School Subjects: Contrasted and Complementary

As early as 1935, the IBE Executive Committee decided to carry out investigations into the place of the “different subjects”Footnote 2 in the primary and secondary school curricula. The choice of subjects covered was far from trivial: mathematics, natural sciences and modern languages were discussed twice.Footnote 3 In addition to these core subjects there were physical and sports education, writing, reading, handicrafts and the arts.Footnote 4 There is a clear hierarchy in this list: mathematics and natural sciences take centre stage, as well as modern languages, the knowledge of which “can have a great influence on improving international understanding and understanding between peoples” (R 59, 1965, recital 4Footnote 5).

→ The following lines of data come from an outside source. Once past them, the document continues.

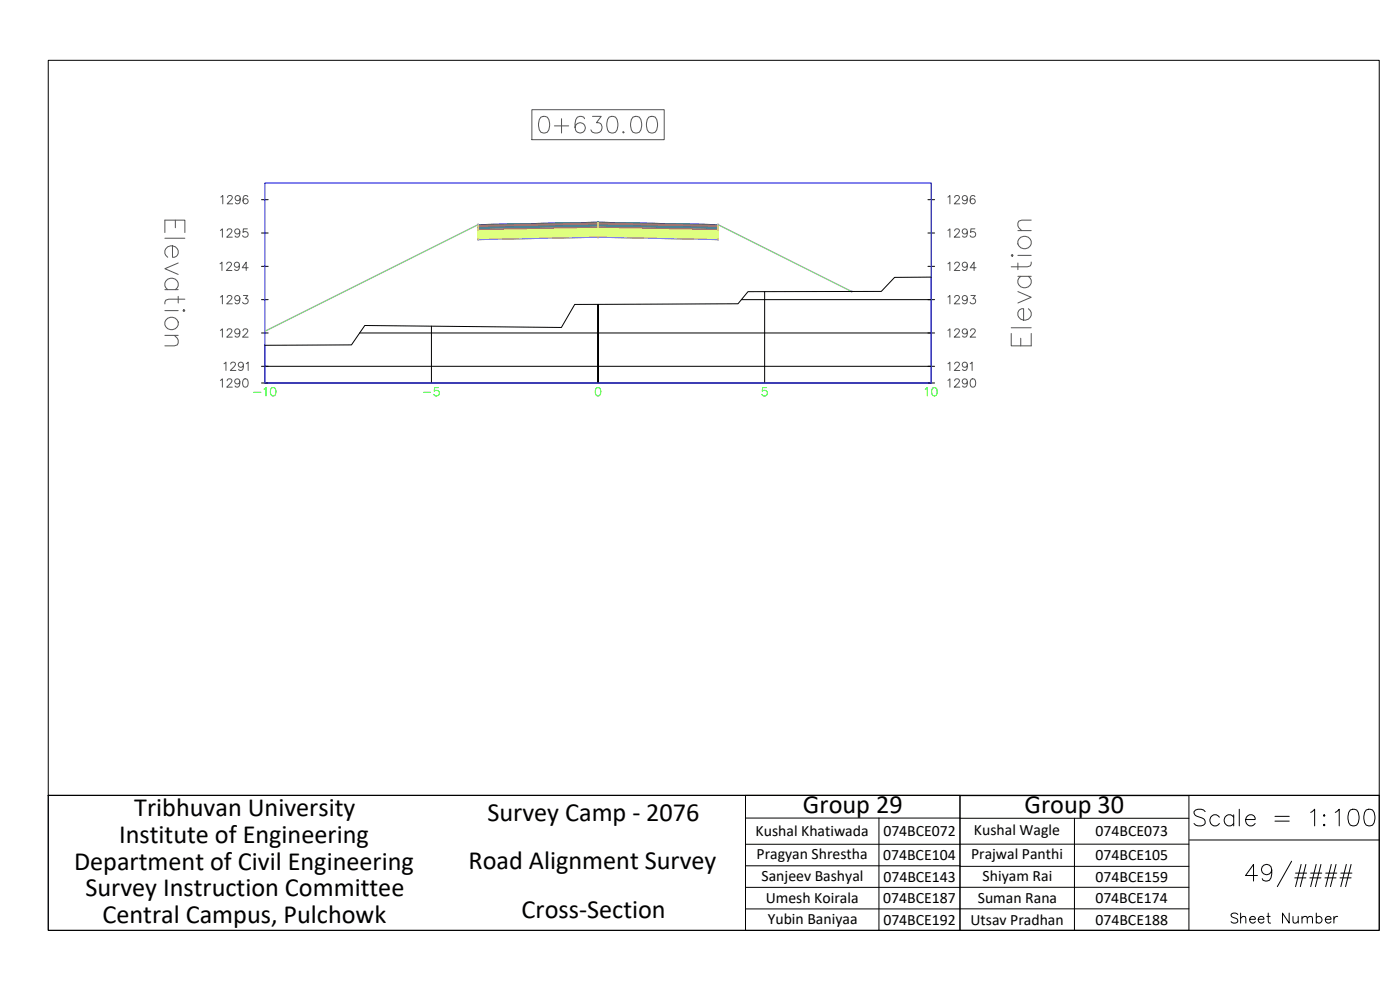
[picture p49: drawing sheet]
<svg xmlns="http://www.w3.org/2000/svg" width="420mm" height="297mm" viewBox="0 0 420 297" stroke-linecap="round" stroke-linejoin="round" font-family="sans-serif">
<defs><g id="words">
<text font-size="8.8" x="357" y="249.1">Scale = 1:100</text>
<g font-size="7.9">
<text x="40.3" y="244.7">Tribhuvan University</text>
<text x="241" y="244">Group 29</text>
<text x="307.5" y="244.1">Group 30</text>
<text x="146.3" y="246.4">Survey Camp - 2076</text>
<text x="35.7" y="252.8">Institute of Engineering</text>
<text x="22.2" y="261">Department of Civil Engineering</text>
<text x="140.6" y="260.7">Road Alignment Survey</text>
<text x="25.6" y="268.9">Survey Instruction Committee</text>
<text x="156.5" y="275.5">Cross-Section</text>
<text x="30.7" y="277.1">Central Campus, Pulchowk</text>
</g>
<text font-size="6.6" x="368.3" y="278.3">Sheet Number</text>
<g font-size="4.7">
<text x="226.8" y="251">Kushal Khatiwada</text>
<text x="265.1" y="250.9">074BCE072</text>
<text x="292.3" y="250.6">Kushal Wagle</text>
<text x="328.8" y="250.9">074BCE073</text>
<text x="227" y="257.7">Pragyan Shrestha</text>
<text x="291.4" y="257.8">Prajwal Panthi</text>
<text x="265" y="258">074BCE104</text>
<text x="328.8" y="258.1">074BCE105</text>
<text x="228.6" y="264.2">Sanjeev Bashyal</text>
<text x="265.1" y="264.5">074BCE143</text>
<text x="294.9" y="264.3">Shiyam Rai</text>
<text x="328.8" y="264.6">074BCE159</text>
<text x="229.8" y="271.1">Umesh Koirala</text>
<text x="265.1" y="271">074BCE187</text>
<text x="293.5" y="271">Suman Rana</text>
<text x="328.7" y="271">074BCE174</text>
<text x="230.4" y="277.1">Yubin Baniyaa</text>
<text x="265.1" y="277.4">074BCE192</text>
<text x="291.3" y="277.5">Utsav Pradhan</text>
<text x="328.8" y="277.4">074BCE188</text>
</g>
</g></defs>
<!-- layer: C-ANNO-VFRM -->
<path d="M76.1 117.7h2.2M79.2 116.8l.6-.5v2.5M81.5 116.4a.8 .8 0 0 1 1.2 .4 1.26 1.26 0 0 1-.8 2 1.6 1.6 0 0 1-.4-2.4zM127.1 117.7h2.1M131.6 116.3h-1.2l-.1 1.1a.88 .88 0 0 1 1.4 0 .88 .88 0 0 1-.2 1.3 .88 .88 0 0 1-1.3-.4M179 116.4a.81 .81 0 0 1 1.2 .4 1.26 1.26 0 0 1-.8 2 1.59 1.59 0 0 1-.4-2.4zM230.1 116.3h-1.2l-.1 1.1a.88 .88 0 0 1 1.3-.1 .88 .88 0 0 1-.2 1.4 .88 .88 0 0 1-1.3-.4M277.7 116.8l.6-.5v2.5M280 116.4a.81 .81 0 0 1 1.1 .4 1.26 1.26 0 0 1-.8 2 1.59 1.59 0 0 1-.3-2.4z" fill="none" stroke="#0f0" stroke-width=".3"/>
<!-- layer: C-ROAD-SCTN-VIEW -->
<g fill="none" stroke="#545454" stroke-width=".3">
<path d="M159.6 32.9h39.7v9h-39.7zM162.3 35.1a1.63 1.63 0 0 1 2.4 .8 4.1 4.1 0 0 1-.5 3.8 1.63 1.63 0 0 1-2.3-.7 4.2 4.2 0 0 1 .4-3.9zM166.4 37.8h4.3M168.5 35.6v4.3M175.4 35.6a1.49 1.49 0 0 0-2.1-.5 4.6 4.6 0 0 0-.5 4.1 1.55 1.55 0 0 0 2.5 .2 1.55 1.55 0 0 0-.6-2.5 1.55 1.55 0 0 0-2.1 1.3M177.8 34.9h2.6l-1.4 1.9a1.61 1.61 0 0 1 1.7 1.9 1.61 1.61 0 0 1-2.2 1.2l-.7-.2-.5-.7M182.8 35.1a1.63 1.63 0 0 1 2.4 .8 4.1 4.1 0 0 1-.5 3.8 1.63 1.63 0 0 1-2.4-.7 4.2 4.2 0 0 1 .5-3.9zM187.1 39.4l-.2 .3 .2 .2 .2-.2M190 35.1a1.63 1.63 0 0 1 2.3 .8 4.1 4.1 0 0 1-.4 3.8 1.63 1.63 0 0 1-2.4-.7 4.2 4.2 0 0 1 .5-3.9zM194.7 35.1a1.63 1.63 0 0 1 2.4 .8 4.1 4.1 0 0 1-.5 3.8 1.63 1.63 0 0 1-2.4-.7 4.2 4.2 0 0 1 .5-3.9zM66.3 59.1l.6-.4v2.5M68.3 59.3l.5-.6 .8 .2a.78 .78 0 0 1-.2 1.1l-1.2 1.2h1.6"/>
<path d="M72.1 59.5a.78 .78 0 0 1-1.1 .6 .78 .78 0 0 1-.3-1.2 .78 .78 0 0 1 1.3 .1 1.73 1.73 0 0 1-.6 2.2l-.6-.2-.1-.2M74.4 59a.72 .72 0 0 0-.7-.3 .72 .72 0 0 0-.7 .4 1.47 1.47 0 0 0 .6 2.1 .78 .78 0 0 0 .9-.7 .78 .78 0 0 0-.7-.9 .78 .78 0 0 0-.9 .7M284.5 59.1l.6-.4v2.5M286.5 59.3l.5-.6 .8 .2a.78 .78 0 0 1-.2 1.1l-1.2 1.2h1.7M290.3 59.5a.78 .78 0 0 1-1.1 .6 .78 .78 0 0 1-.3-1.2 .78 .78 0 0 1 1.3 .1 1.73 1.73 0 0 1-.6 2.2l-.6-.2-.1-.2M292.6 59a.72 .72 0 0 0-.7-.3 .72 .72 0 0 0-.6 .4 1.47 1.47 0 0 0 .6 2.1 .78 .78 0 0 0 .8-.7 .78 .78 0 0 0-.7-.9 .78 .78 0 0 0-.8 .7M49.5 69.8v-3.7h6v3.7M49.5 71.5h6M51.8 73.8v3.4a1.72 1.72 0 0 0 1.8-1.7 1.72 1.72 0 0 0-1.8-1.7 1.89 1.89 0 0 0-2.2 1.1 1.89 1.89 0 0 0 .7 2.3M52.6 66.1v2.2M53.5 78.9l-4 1.7 4 1.7M66 79.1l.6-.4v2.5"/>
<path d="M66.1 69.1l.6-.4v2.5M68 79.3l.5-.6h.5l.5 .4-.4 .9-1.2 1.2h1.7M68.2 69.3l.4-.6 .9 .2a.76 .76 0 0 1-.3 1.1l-1.2 1.2h1.7M71.9 79.5a.78 .78 0 0 1-1.1 .6 .78 .78 0 0 1-.3-1.2 .78 .78 0 0 1 1.2 .1 1.75 1.75 0 0 1-.6 2.2l-.5-.2-.2-.2M72 69.5a.78 .78 0 0 1-1.1 .7 .78 .78 0 0 1-.3-1.2 .78 .78 0 0 1 1.3 0 1.33 1.33 0 0 1-.9 2.2l-.4-.4M74.2 68.7h-1.2l-.1 1a.88 .88 0 0 1 1.4 0 .88 .88 0 0 1-.2 1.3 .88 .88 0 0 1-1.3-.3M284.5 79.1l.6-.4v2.5M284.5 69.1l.6-.4v2.5M286.5 79.3l.5-.6 .8 .2a.78 .78 0 0 1-.2 1.1l-1.2 1.2h1.7M286.5 69.3l.5-.6 .8 .2a.78 .78 0 0 1-.2 1.1l-1.2 1.2h1.7M290.3 79.5a.78 .78 0 0 1-1.1 .6 .78 .78 0 0 1-.3-1.2 .78 .78 0 0 1 1.3 .1 1.74 1.74 0 0 1-.6 2.2l-.6-.2-.1-.2M290.3 69.5a.78 .78 0 0 1-1.1 .6 .78 .78 0 0 1-.3-1.2 .78 .78 0 0 1 1.3 .1 1.73 1.73 0 0 1-.6 2.2l-.6-.2-.1-.2"/>
<path d="M292.6 68.7h-1.2l-.1 1a.88 .88 0 0 1 1.3 0 .88 .88 0 0 1-.2 1.3 .88 .88 0 0 1-1.2-.3M303.8 76.3l.3 .3-.3 .3-.3-.3zM305.5 78.9v2M305.5 76.6h4M305.5 69.2h4M309.5 78.6l-.3 1.2-.9 .3h-4.8M309.5 66.1h-2.9l-.8 .2-.3 .6v.9l1.1 1.4M49.5 86.9h4M49.5 93.2h4M50.3 86.9a1.98 1.98 0 0 1 .6-3.4 1.98 1.98 0 0 1 2.6 2.3l-.9 1.1M53.5 88.9v2M54.9 93.2l.3-.3 .3 .3-.3 .3z"/>
<path d="M55.5 89.8h-4.9l-.8 .3-.3 1.1M66.1 99.1l.6-.4v2.5M66.1 89.1l.6-.4v2.5M68.2 99.3l.4-.6 .9 .2a.76 .76 0 0 1-.3 1.1l-1.2 1.2h1.7M68.2 89.3l.4-.6 .9 .2a.76 .76 0 0 1-.3 1.1l-1.2 1.2h1.7M72 99.5a.78 .78 0 0 1-1.1 .7 .78 .78 0 0 1-.3-1.2 .78 .78 0 0 1 1.3 0 1.32 1.32 0 0 1-.9 2.2l-.4-.4M72 89.5a.78 .78 0 0 1-1.1 .7 .78 .78 0 0 1-.3-1.2 .78 .78 0 0 1 1.3 0 1.33 1.33 0 0 1-.9 2.2l-.4-.4M72.9 99.3l.5-.6 .8 .2a.76 .76 0 0 1-.2 1.1l-1.2 1.2h1.7M73 88.7h1.4l-.8 .9a.84 .84 0 0 1 .7 1.4 .84 .84 0 0 1-1.5-.3M74.5 80.3h-1.8l1.2-1.6v2.5M284.5 99.1l.6-.4v2.5M284.5 89.1l.6-.4v2.5"/>
<path d="M286.5 99.3l.5-.6 .8 .2a.78 .78 0 0 1-.2 1.1l-1.2 1.2h1.7M286.5 89.3l.5-.6 .8 .2a.78 .78 0 0 1-.2 1.1l-1.2 1.2h1.7M290.3 99.5a.78 .78 0 0 1-1.1 .6 .78 .78 0 0 1-.3-1.2 .78 .78 0 0 1 1.3 .1 1.72 1.72 0 0 1-.6 2.2l-.6-.2-.1-.2M290.3 89.5a.78 .78 0 0 1-1.1 .6 .78 .78 0 0 1-.3-1.2 .78 .78 0 0 1 1.3 .1 1.74 1.74 0 0 1-.6 2.2l-.6-.2-.1-.2M291.3 99.3l.4-.6 .9 .2a.78 .78 0 0 1-.3 1.1l-1.1 1.2h1.6M291.4 88.7h1.3l-.7 .9a.83 .83 0 0 1 .6 1.3 .83 .83 0 0 1-1.4-.2M292.9 80.3h-1.7l1.1-1.6v2.5M303.5 98.3h6M305.5 87.5l4 1.7-4 1.7M305.5 82.9h4M306.3 82.9a1.98 1.98 0 0 0 .6 3.4 1.98 1.98 0 0 0 2.6-2.2l-.9-1.2M308.6 92.6a1.98 1.98 0 0 1-.5 3.5 1.98 1.98 0 0 1-2.6-2.3 1.53 1.53 0 0 1 1.7-1.2v3.5"/>
<path d="M49.5 100.6h4M52.3 100.6l1.2 1.5v.8l-.3 .6-.9 .3h-2.8M66.1 114.1l.6-.4v2.5M67.2 109.1l.6-.4v2.5M68.2 114.3l.4-.6 .9 .2a.76 .76 0 0 1-.3 1.1l-1.2 1.2h1.7M69.2 109.3l.5-.6 .9 .2a.78 .78 0 0 1-.3 1.1l-1.2 1.2h1.7M72 114.5a.78 .78 0 0 1-1.1 .7 .78 .78 0 0 1-.3-1.2 .78 .78 0 0 1 1.3 0 1.33 1.33 0 0 1-.9 2.2l-.4-.4M73 109.5a.78 .78 0 0 1-1 .6 .78 .78 0 0 1-.3-1.2 .78 .78 0 0 1 1.2 .1 1.72 1.72 0 0 1-.6 2.2l-.6-.2-.1-.2M73.2 113.8a.82 .82 0 0 1 1.2 .3 1.26 1.26 0 0 1-.9 2.1 1.59 1.59 0 0 1-.3-2.4zM73.9 109.1l.6-.4v2.5M284.5 114.1l.6-.4v2.5M284.5 109.1l.6-.4v2.5"/>
<path d="M286.5 114.3l.5-.6 .8 .2a.78 .78 0 0 1-.2 1.1l-1.2 1.2h1.7M286.5 109.3l.5-.6 .8 .2a.78 .78 0 0 1-.2 1.1l-1.2 1.2h1.7M290.3 114.5a.78 .78 0 0 1-1.1 .6 .78 .78 0 0 1-.3-1.2 .78 .78 0 0 1 1.3 .1 1.74 1.74 0 0 1-.6 2.2l-.6-.2-.1-.2M290.3 109.5a.78 .78 0 0 1-1.1 .6 .78 .78 0 0 1-.3-1.2 .78 .78 0 0 1 1.3 .1 1.72 1.72 0 0 1-.6 2.2l-.6-.2-.1-.2M291.2 109.1l.5-.4v2.5M291.5 113.8a.82 .82 0 0 1 1.2 .3 1.26 1.26 0 0 1-.8 2.1 1.61 1.61 0 0 1-.4-2.4zM303.5 100.1v3.7h6v-3.7M306.3 101.5v2.3"/>
<circle cx="307.4" cy="72.8" r="1.98"/>
<circle cx="51.5" cy="97.1" r="1.98"/>
</g>
<g fill="none" stroke="#000" stroke-width=".3">
<path d="M78.5 59.9h2M278.5 59.9h2M78.5 79.9h2M78.5 69.9h2M278.5 79.9h2M278.5 69.9h2M78.5 99.9h2M78.5 89.9h2M107.9 99.9h172.6M129.5 97.9v17M222.5 89.9h58M229.5 87.5v27.4"/>
<path d="M78.5 114.9h202M78.5 109.9h202M79.5 114.9v-11.3l26-.1 4-5.8 59 .6 4-7 49-.2 3-3.6 40-.1 4-4.2 11-.1v31.8M179.5 114.9v-23.6v23.6"/>
</g>
<path d="M79.5 54.9h200v60h-200z" fill="none" stroke="#00f" stroke-width=".3"/>
<g fill="#7f9fff" stroke="#7f9fff" stroke-width=".3">
<path d="M167 66.9l12.5-.2v.2z"/>
<path d="M156 67.4l11-.5h12.5z"/>
<path d="M179.5 66.7l12.5 .2h-12.5z"/>
<path d="M179.5 66.9h12.5l23.5 .5z"/>
<path d="M143.5 67.4h12.5l11-.5zM143.5 67.4h12.5l-12.5 .3z"/>
<path d="M179.5 66.9l23.5 .5h12.5zM203 67.4h12.5v.3z"/>
</g>
<path d="M143.5 67.4l36-.7v.2l-36 .8zM179.5 66.7l36 .7v.3l-36-.8z" fill="none" stroke="#5c73b8" stroke-width=".3"/>
<g fill="#ffdf7f" stroke="#ffdf7f" stroke-width=".3">
<path d="M167 67.2l12.5-.3v.3z"/>
<path d="M156 67.7l11-.5h12.5z"/>
<path d="M179.5 66.9l12.5 .3h-12.5z"/>
<path d="M179.5 67.2h12.5l23.5 .5z"/>
<path d="M143.5 67.7h12.5l11-.5zM143.5 67.7h12.5l-12.5 .2z"/>
<path d="M179.5 67.2l23.5 .5h12.5zM203 67.7h12.5v.2z"/>
</g>
<path d="M143.5 67.7l36-.8v.3l-36 .7zM179.5 66.9l36 .8v.2l-36-.7z" fill="none" stroke="#b8a15c" stroke-width=".3"/>
<g fill="#4a8395" stroke="#4a8395" stroke-width=".3">
<path d="M143.5 67.9l36-.7v.7z"/>
<path d="M143.5 67.9h36v.3z"/>
<path d="M179.5 67.2l36 .7h-36z"/>
<path d="M179.5 67.9h36v.3z"/>
<path d="M143.5 67.9v.3h36zM143.5 68.2h36l-36 .7z"/>
<path d="M179.5 67.9v.3h36zM179.5 68.2h36v.7z"/>
</g>
<path d="M143.5 67.9l36-.7v1l-36 .7zM179.5 67.2l36 .7v1l-36-.7z" fill="none" stroke="#4a7095" stroke-width=".3"/>
<g fill="#dfff7f" stroke="#dfff7f" stroke-width=".3">
<path d="M143.5 68.9l36-.7v.7z"/>
<path d="M143.5 68.9h36v2.3z"/>
<path d="M179.5 68.2l36 .7h-36z"/>
<path d="M179.5 68.9h36v2.3z"/>
<path d="M143.5 68.9v2.3h36zM143.5 71.2h36l-36 .7z"/>
<path d="M179.5 68.9v2.3h36zM179.5 71.2h36v.7z"/>
</g>
<path d="M143.5 68.9l36-.7v3l-36 .7zM179.5 68.2l36 .7v3l-36-.7z" fill="none" stroke="#a5dd00" stroke-width=".3"/>
<path d="M179.3 66.5l.4 .4M179.7 66.5l-.4 .4" fill="none" stroke="#0ff" stroke-width=".3"/>
<g fill="none" stroke="#f00" stroke-width=".3">
<circle cx="143.5" cy="67.4" r=".15"/>
<circle cx="215.5" cy="67.4" r=".15"/>
</g>
<g fill="none" stroke="#d0d" stroke-width=".3">
<circle cx="143.5" cy="68.9" r=".15"/>
<circle cx="143.5" cy="67.9" r=".15"/>
<circle cx="143.5" cy="71.9" r=".15"/>
<circle cx="179.5" cy="67.2" r=".15"/>
<circle cx="179.5" cy="68.2" r=".15"/>
<circle cx="179.5" cy="71.2" r=".15"/>
<circle cx="179.5" cy="66.9" r=".15"/>
<circle cx="215.5" cy="67.9" r=".15"/>
<circle cx="215.5" cy="71.9" r=".15"/>
<circle cx="215.5" cy="68.9" r=".15"/>
<circle cx="255.6" cy="87.5" r=".15"/>
</g>
<g fill="none" stroke="#ff7f7f" stroke-width=".3">
<circle cx="143.5" cy="67.7" r=".15"/>
<circle cx="215.5" cy="67.7" r=".15"/>
</g>
<path d="M255.6 87.5l-40.1-20.1-36-.7-36 .7-64 32" fill="none" stroke="#7f9fff" stroke-width=".3"/>
<path d="M143.5 67.4l36-.7 36 .7" fill="none" stroke="#396472" stroke-width=".3"/>
<path d="M143.5 67.7l36-.8 36 .8" fill="none" stroke="#95704a" stroke-width=".3"/>
<path d="M143.5 67.9l36-.7 36 .7" fill="none" stroke="#b8735c" stroke-width=".3"/>
<path d="M143.5 68.9l36-.7 36 .7" fill="none" stroke="#b88a5c" stroke-width=".3"/>
<path d="M143.5 71.9l36-.7 36 .7" fill="none" stroke="#ffdf7f" stroke-width=".3"/>
<path d="M143.5 71.9l36-.7 36 .7M143.5 67.4l-64 32M215.5 67.4l40.1 20.1" fill="none" stroke="#f0f" stroke-width=".3"/>
<path d="M143.5 67.4v4.5M179.5 66.7v4.5M215.5 67.4v4.5" fill="none" stroke="#ff0" stroke-width=".3"/>
<path d="M143.4 67.3l-.1 .2M143.5 67.3l.1 .1M143.6 67.5h-.2M215.4 67.3l-.1 .2M215.5 67.3l.1 .1M215.6 67.5h-.2" fill="none" stroke="#dcdcdc" stroke-width=".3"/>
<path d="M143.5 67.4l-64 32M215.5 67.4l40.1 20.1" fill="none" stroke="#7fff7f" stroke-width=".3"/>
<!-- layer: 0 -->
<g fill="none" stroke="#000" stroke-width=".3">
<path d="M14.5 18.1h399.4v220.6h-399.4zM14.5 238.7h399.4v40.4h-399.4zM223.7 238.7h64.4v40.5h-64.4zM288.1 238.7h68.7v40.5h-68.7zM223.7 245.4h64.4M223.7 259.8h64.4M263.8 245.4v33.8M288.1 245.5h68.7M288.1 259.9h68.7M322.5 245.5v33.7M356.8 253.3h-133.1M357 252h56.9"/>
<path d="M387.6 258.4l-4.3 7.6M390.5 259.4l-1.7 6.6M391.9 259.4l-1.7 6.6M395 259.4l-1.7 6.6M396.4 259.4l-1.6 6.6M399.5 259.4l-1.6 6.6M401 259.4l-1.7 6.6M404.1 259.4l-1.7 6.6M405.5 259.4l-1.7 6.6M223.7 266.2h64.4M223.7 272.7h64.4M288.1 266.2h68.7"/>
<path d="M288.1 272.7h68.7M377.4 262.7h-3.6l2.4-3.3v5M381.7 261a1.55 1.55 0 0 1-2.2 1.3 1.55 1.55 0 0 1-.6-2.4 1.55 1.55 0 0 1 2.5 .2 4.6 4.6 0 0 1-.4 4 1.49 1.49 0 0 1-2.2-.5M388.6 263.4h3.3M388.8 262h3.3M393.1 263.4h3.3M393.3 262h3.4M397.6 263.4h3.4M397.9 262h3.3M402.1 263.4h3.4M402.4 262h3.3"/>
</g>
<use href="#words"/>
</svg>

This bipartite division is also apparent in the delegates’ speeches. During the 1955 Conference for example, the delegate from AustriaFootnote 6 claimed that languages, mathematics and science have to be differentiated from:

subjects which appealed, not so much to the intellect, as to feeling. […] One could not discuss the aims and methods of art teaching without bearing in mind its ties with other subjects, especially with music, literature and physical education. (p. 66)

To this list should be added manual work, linked to the visual arts, modern languages, linked to literature, and geography and history whose emotional—ideological?—weight was regularly invoked.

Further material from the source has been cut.